Though the hour is late, we detour onto the Delmas road to go see Frankétienne. The doctor wants to buy a painting in his latest style. Frankétienne is so prolific an artist he can ruin a collector. He welcomes us so uproariously he must have woken up the whole neighborhood. The ogre in his lair. Despite the doctor's rich praise, Frankétienne is reticent about selling him a painting from his personal collection. The rich doctor lets him know money is no object, but the painter digs in his heels. Coffee arrives—Frankétienne hasn't touched alcohol since his illness. Right now he is working on a novel whose voluminous manuscript stretches across his wide worktable in spectacular disorder. Everything is larger than life with him. Bare-chested. Gargantuan appetite. Face as red as a boiled lobster. The wild enthusiasm of a man obsessed with literature and painting. He has painted several thousand canvases and his first great novel,
Ultravocal,
has metastasized into some thirty volumes over forty years. Urban turbulence is the only setting for this ogre. Seeing how perplexed I am by this expanse of paper scribbled with obscure signs that look more like musical notes than letters of the alphabet (I wouldn't put it past him to invent a new vocabulary and grammar in order to write a truly original book), he announces that his next work will be an opera-novel.

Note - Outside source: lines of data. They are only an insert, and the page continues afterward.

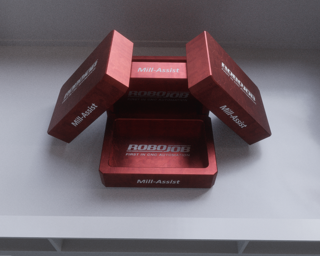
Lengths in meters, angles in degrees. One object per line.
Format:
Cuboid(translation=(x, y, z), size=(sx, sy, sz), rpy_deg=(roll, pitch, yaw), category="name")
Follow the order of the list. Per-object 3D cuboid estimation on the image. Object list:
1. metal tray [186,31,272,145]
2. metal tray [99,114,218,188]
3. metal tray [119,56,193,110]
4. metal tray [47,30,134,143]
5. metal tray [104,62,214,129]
Cuboid(translation=(0.085, -0.047, 0.383), size=(0.030, 0.130, 0.090), rpy_deg=(-30, 41, 32), category="metal tray")
Cuboid(translation=(-0.002, 0.026, 0.376), size=(0.131, 0.030, 0.090), rpy_deg=(1, 50, -1), category="metal tray")
Cuboid(translation=(0.002, -0.066, 0.455), size=(0.131, 0.030, 0.090), rpy_deg=(0, 50, -1), category="metal tray")
Cuboid(translation=(-0.087, -0.049, 0.384), size=(0.030, 0.130, 0.090), rpy_deg=(31, 41, -30), category="metal tray")
Cuboid(translation=(-0.002, -0.039, 0.393), size=(0.131, 0.089, 0.030), rpy_deg=(1, 50, 0), category="metal tray")
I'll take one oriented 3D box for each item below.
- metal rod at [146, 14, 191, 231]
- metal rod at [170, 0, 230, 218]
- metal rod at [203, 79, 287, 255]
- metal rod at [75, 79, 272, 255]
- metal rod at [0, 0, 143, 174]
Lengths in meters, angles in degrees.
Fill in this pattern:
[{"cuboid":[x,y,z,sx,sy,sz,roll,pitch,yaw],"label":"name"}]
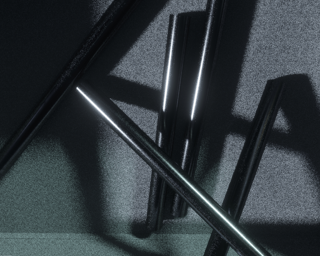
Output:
[{"cuboid":[0.008,0.007,0.413,0.025,0.025,0.298,6,110,-2],"label":"metal rod"},{"cuboid":[0.048,-0.014,0.406,0.025,0.025,0.298,7,110,-3],"label":"metal rod"},{"cuboid":[0.094,0.082,0.378,0.025,0.025,0.299,23,84,-8],"label":"metal rod"},{"cuboid":[0.010,0.049,0.365,0.300,0.025,0.025,44,106,11],"label":"metal rod"},{"cuboid":[-0.124,-0.052,0.390,0.025,0.025,0.299,39,105,-13],"label":"metal rod"}]
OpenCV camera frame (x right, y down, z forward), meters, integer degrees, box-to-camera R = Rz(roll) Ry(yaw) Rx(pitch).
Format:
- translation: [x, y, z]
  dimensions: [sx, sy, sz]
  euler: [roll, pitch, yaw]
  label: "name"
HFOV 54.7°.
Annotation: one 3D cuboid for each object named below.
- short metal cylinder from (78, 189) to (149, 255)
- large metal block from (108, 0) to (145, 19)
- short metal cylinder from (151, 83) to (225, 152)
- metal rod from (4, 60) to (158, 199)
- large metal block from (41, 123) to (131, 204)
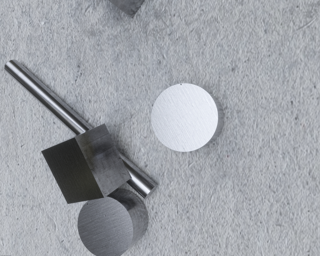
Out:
- translation: [-0.062, 0.126, 0.418]
  dimensions: [0.080, 0.050, 0.080]
  euler: [0, 90, 20]
  label: "short metal cylinder"
- translation: [-0.067, -0.198, 0.403]
  dimensions: [0.080, 0.080, 0.050]
  euler: [40, 103, 15]
  label: "large metal block"
- translation: [0.036, -0.012, 0.383]
  dimensions: [0.080, 0.050, 0.080]
  euler: [0, 90, 20]
  label: "short metal cylinder"
- translation: [-0.123, -0.006, 0.452]
  dimensions: [0.300, 0.025, 0.025]
  euler: [39, 102, 15]
  label: "metal rod"
- translation: [-0.098, 0.048, 0.408]
  dimensions: [0.080, 0.050, 0.080]
  euler: [-19, 98, 39]
  label: "large metal block"
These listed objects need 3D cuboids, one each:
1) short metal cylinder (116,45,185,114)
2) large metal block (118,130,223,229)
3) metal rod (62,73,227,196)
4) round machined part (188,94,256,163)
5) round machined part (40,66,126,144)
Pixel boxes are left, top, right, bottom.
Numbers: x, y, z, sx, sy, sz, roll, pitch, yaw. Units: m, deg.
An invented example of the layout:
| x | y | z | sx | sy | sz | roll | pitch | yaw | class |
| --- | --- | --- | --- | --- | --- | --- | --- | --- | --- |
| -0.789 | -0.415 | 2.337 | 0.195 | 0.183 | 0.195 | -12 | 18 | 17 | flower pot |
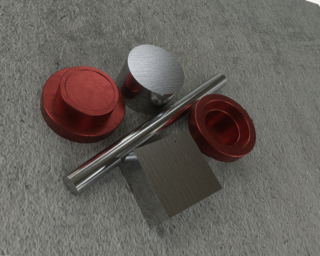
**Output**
| x | y | z | sx | sy | sz | roll | pitch | yaw | class |
| --- | --- | --- | --- | --- | --- | --- | --- | --- | --- |
| -0.014 | -0.065 | 0.421 | 0.081 | 0.050 | 0.080 | 14 | 56 | -21 | short metal cylinder |
| 0.011 | 0.058 | 0.361 | 0.081 | 0.050 | 0.080 | -19 | 72 | -35 | large metal block |
| 0.003 | -0.009 | 0.413 | 0.025 | 0.025 | 0.302 | 49 | 51 | 6 | metal rod |
| 0.082 | 0.004 | 0.436 | 0.099 | 0.042 | 0.098 | 14 | 56 | -21 | round machined part |
| -0.087 | -0.034 | 0.368 | 0.099 | 0.042 | 0.098 | 14 | 56 | -21 | round machined part |
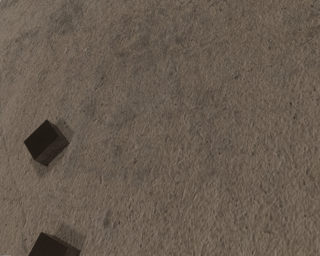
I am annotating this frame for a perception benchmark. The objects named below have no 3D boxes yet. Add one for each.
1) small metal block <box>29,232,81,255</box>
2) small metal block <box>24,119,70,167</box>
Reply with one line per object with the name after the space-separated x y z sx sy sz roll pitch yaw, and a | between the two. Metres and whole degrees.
-0.132 0.161 0.372 0.050 0.025 0.050 12 68 33 | small metal block
-0.176 0.023 0.480 0.050 0.025 0.050 -46 51 -4 | small metal block
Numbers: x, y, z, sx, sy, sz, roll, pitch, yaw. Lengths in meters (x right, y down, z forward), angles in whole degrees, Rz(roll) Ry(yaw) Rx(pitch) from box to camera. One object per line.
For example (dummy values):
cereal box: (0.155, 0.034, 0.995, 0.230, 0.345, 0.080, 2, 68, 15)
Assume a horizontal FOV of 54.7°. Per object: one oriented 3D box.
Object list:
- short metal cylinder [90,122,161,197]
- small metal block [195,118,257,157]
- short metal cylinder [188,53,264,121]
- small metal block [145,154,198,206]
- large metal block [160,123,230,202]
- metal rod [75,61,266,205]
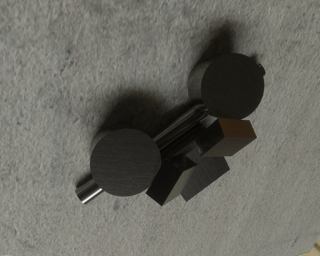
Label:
short metal cylinder: (-0.043, 0.036, 0.374, 0.081, 0.050, 0.079, -2, 100, -13)
small metal block: (0.080, 0.013, 0.381, 0.050, 0.025, 0.050, 2, 148, -30)
short metal cylinder: (0.081, -0.051, 0.387, 0.081, 0.050, 0.079, -2, 100, -12)
small metal block: (0.015, 0.061, 0.376, 0.050, 0.025, 0.050, -61, 159, 16)
large metal block: (0.043, 0.046, 0.444, 0.080, 0.050, 0.080, -36, 130, -5)
metal rod: (0.018, 0.004, 0.421, 0.301, 0.025, 0.025, -36, 129, -5)
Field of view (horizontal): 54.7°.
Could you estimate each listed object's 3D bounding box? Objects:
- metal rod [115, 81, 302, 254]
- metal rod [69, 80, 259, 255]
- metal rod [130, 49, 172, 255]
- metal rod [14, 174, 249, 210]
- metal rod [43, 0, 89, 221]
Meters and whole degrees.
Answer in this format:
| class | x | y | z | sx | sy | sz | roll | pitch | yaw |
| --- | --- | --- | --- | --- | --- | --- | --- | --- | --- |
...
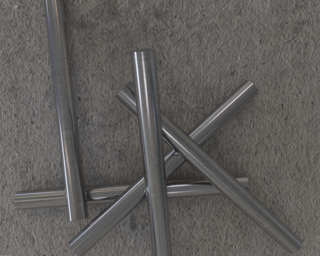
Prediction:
| class | x | y | z | sx | sy | sz | roll | pitch | yaw |
| --- | --- | --- | --- | --- | --- | --- | --- | --- | --- |
| metal rod | 0.067 | 0.055 | 0.377 | 0.300 | 0.025 | 0.025 | 42 | 90 | -11 |
| metal rod | 0.010 | 0.045 | 0.391 | 0.301 | 0.025 | 0.025 | -42 | 90 | -8 |
| metal rod | -0.005 | 0.062 | 0.358 | 0.025 | 0.025 | 0.298 | -5 | 111 | 0 |
| metal rod | -0.036 | 0.084 | 0.409 | 0.302 | 0.025 | 0.025 | -4 | 90 | 0 |
| metal rod | -0.121 | -0.036 | 0.395 | 0.025 | 0.025 | 0.298 | -8 | 85 | 0 |
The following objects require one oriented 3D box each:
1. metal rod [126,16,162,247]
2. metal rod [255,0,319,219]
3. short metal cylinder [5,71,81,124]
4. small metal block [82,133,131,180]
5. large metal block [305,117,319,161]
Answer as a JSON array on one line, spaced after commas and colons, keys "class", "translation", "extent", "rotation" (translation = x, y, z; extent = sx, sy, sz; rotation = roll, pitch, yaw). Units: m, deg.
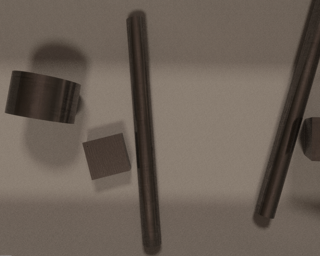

What's an opera-novel? asks the chauffeur who seemed to be dozing in the corner. Frankétienne turns to him abruptly: you're the first one who ever dared ask me that question. Everyone else pretends to understand. I can't explain it, but when I finish the book, you'll see, and in the meanwhile, allow me to give you a painting. He disappears into his storehouse and returns with an enormous canvas we'll never be able to get into the car. He disassembles the frame with such energy he nearly rips apart the painting. He throws it into the trunk of the Buick 57 as the doctor-collector looks on in astonishment, empty-handed, his pockets still stuffed with money.

On the highway a desperate woman waves at us to stop. The doctor orders the chauffeur to drive on. Apparently it's the bandits' latest trick for robbing travelers. She's the bait, and the thieves are hiding in the thicket. But what if it was true? If she really did need help? I'll read about it in the paper.